## Work to be completed
Once you reach the line with "How do I perform: Locate", transcribe it and every line after it to the end of the records, exactly, but not the pictures.

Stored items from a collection
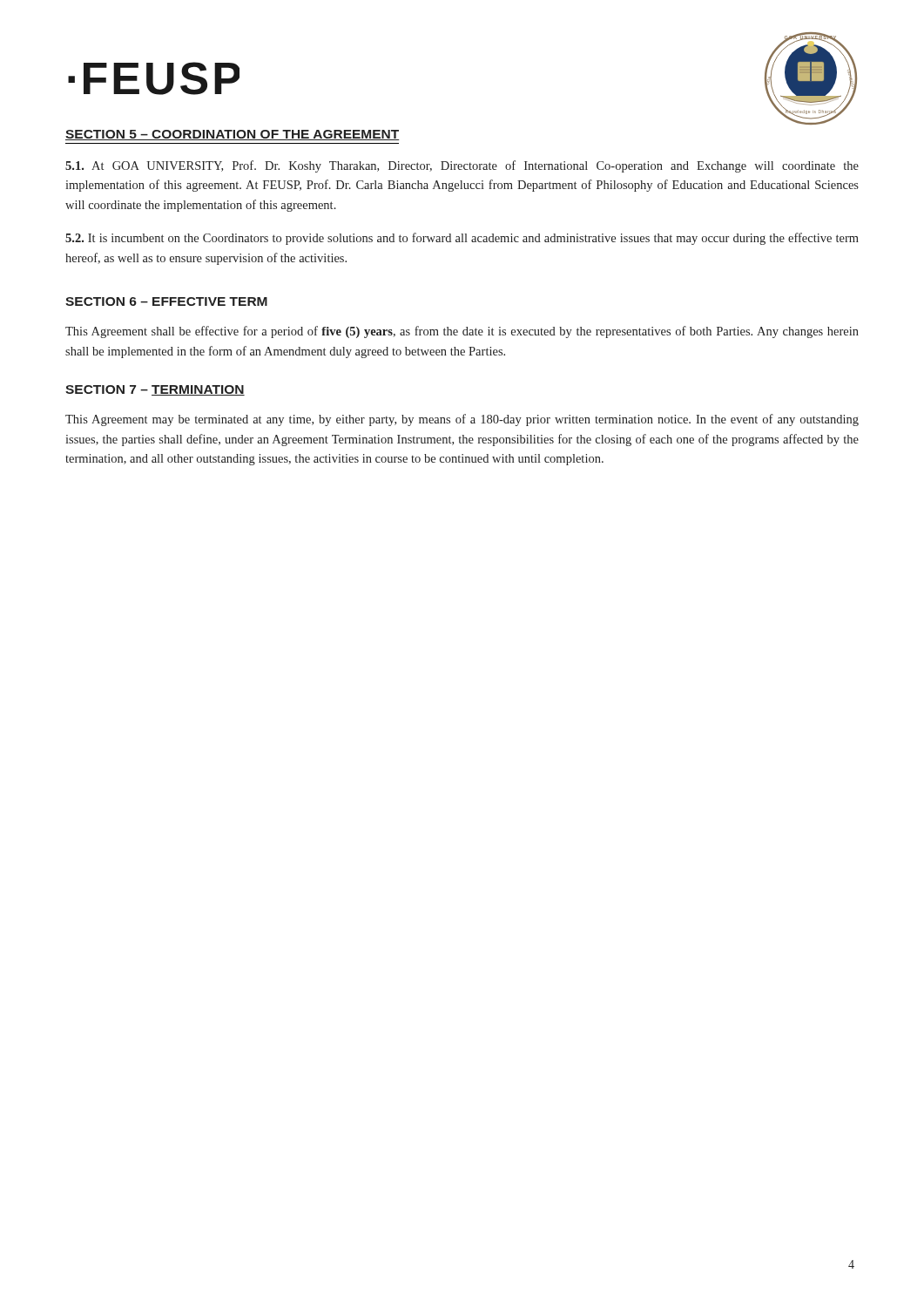Where is the passage that starts "This Agreement shall be effective for a period"?
This screenshot has width=924, height=1307.
point(462,341)
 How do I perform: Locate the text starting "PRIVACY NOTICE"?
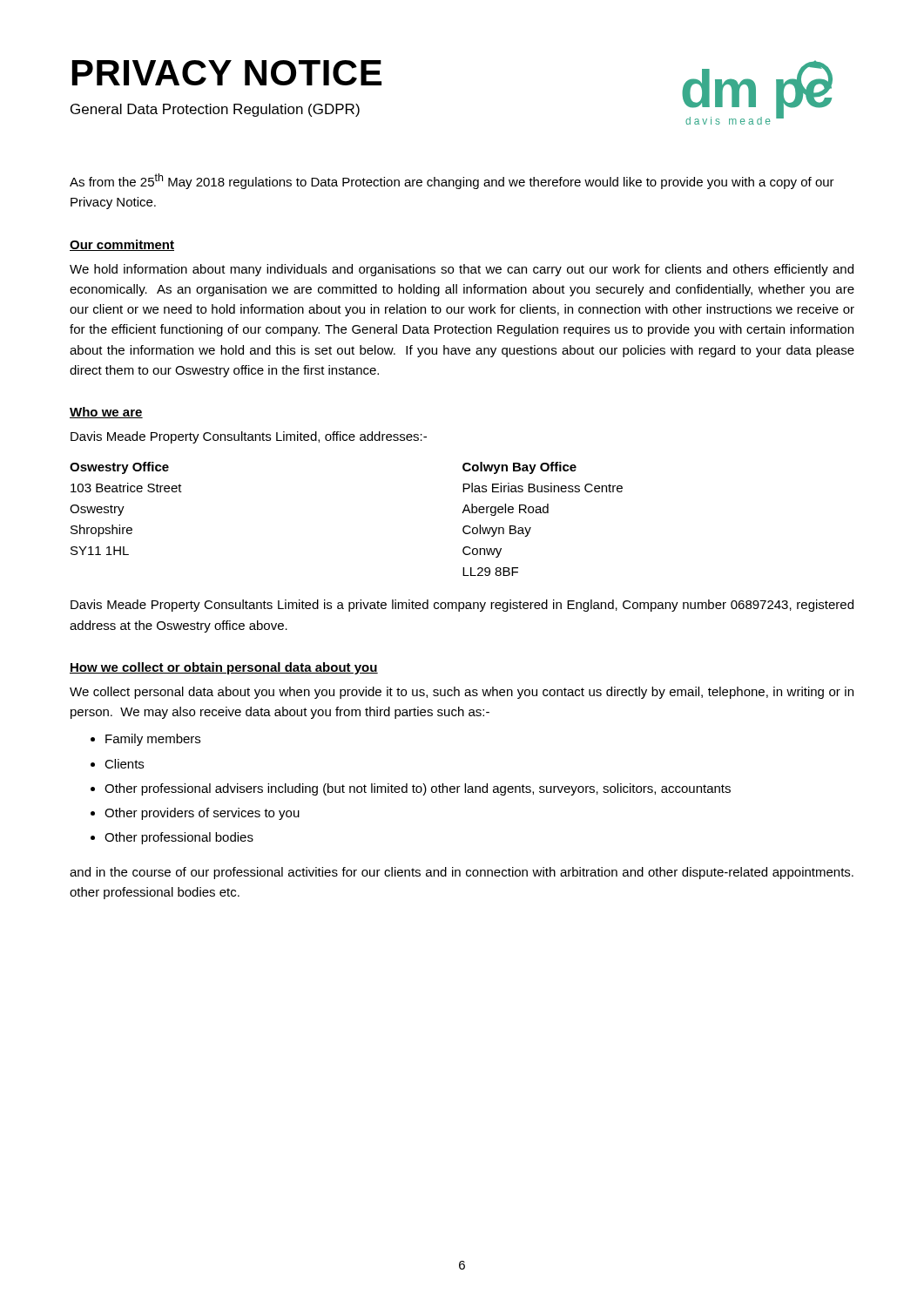tap(227, 73)
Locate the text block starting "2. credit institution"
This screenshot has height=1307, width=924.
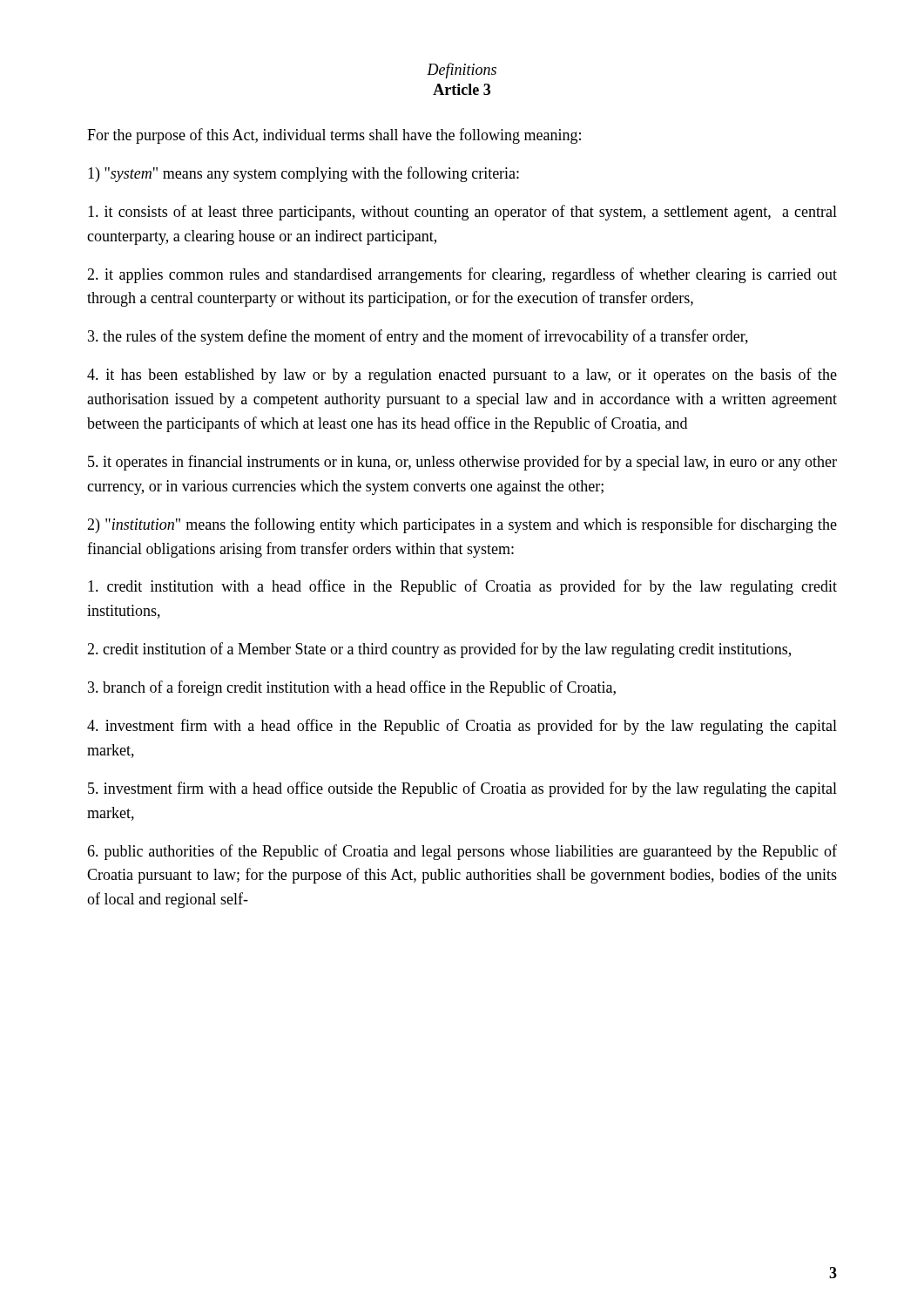[440, 649]
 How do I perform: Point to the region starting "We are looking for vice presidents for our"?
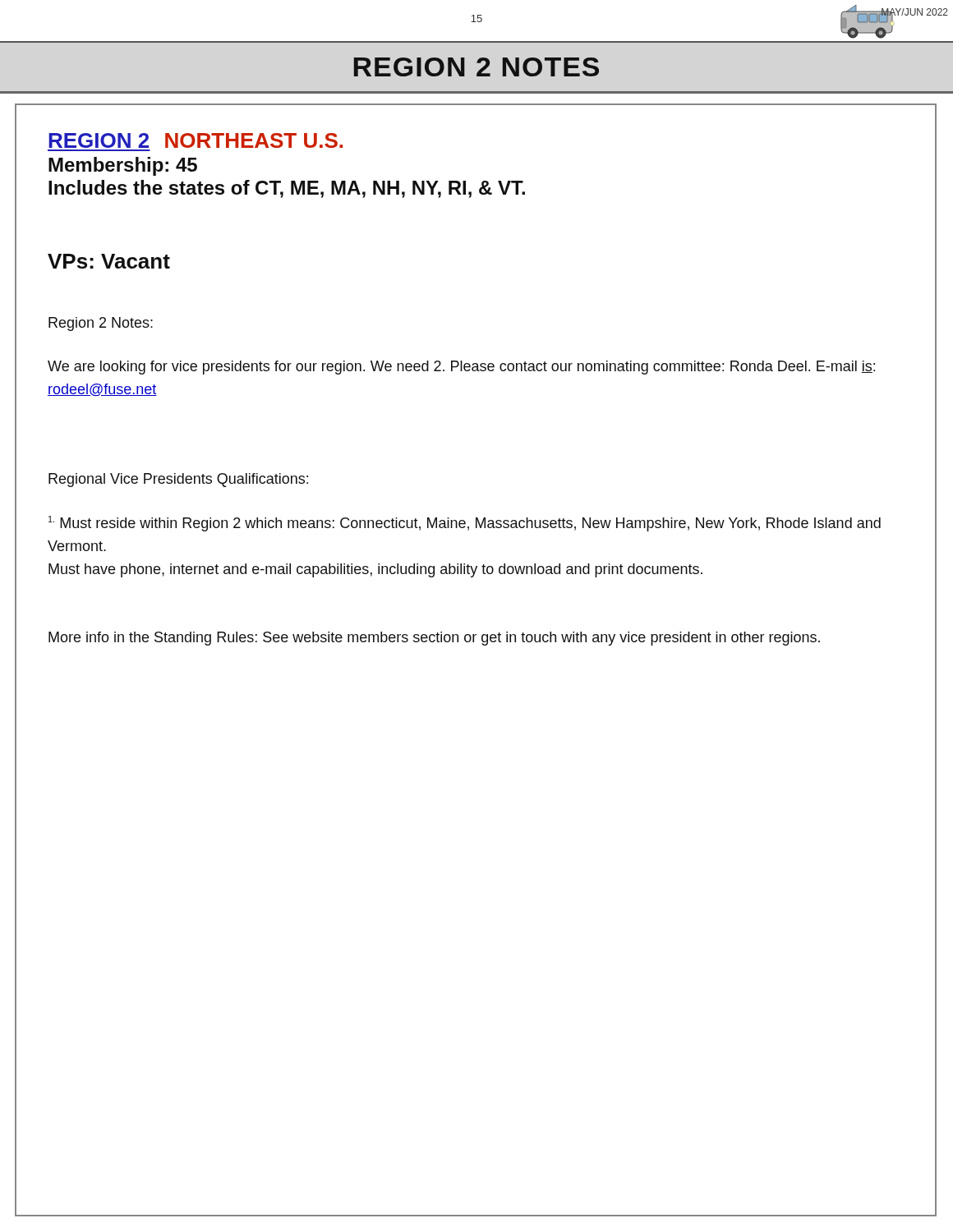(462, 378)

## Written answer
 How do I perform: Locate the text starting "PRIVACY NOTICE"?
tap(227, 73)
Locate the text block starting "2. credit institution"
This screenshot has height=1307, width=924.
[440, 649]
 How do I perform: Point to the region starting "We are looking for vice presidents for our"?
(462, 378)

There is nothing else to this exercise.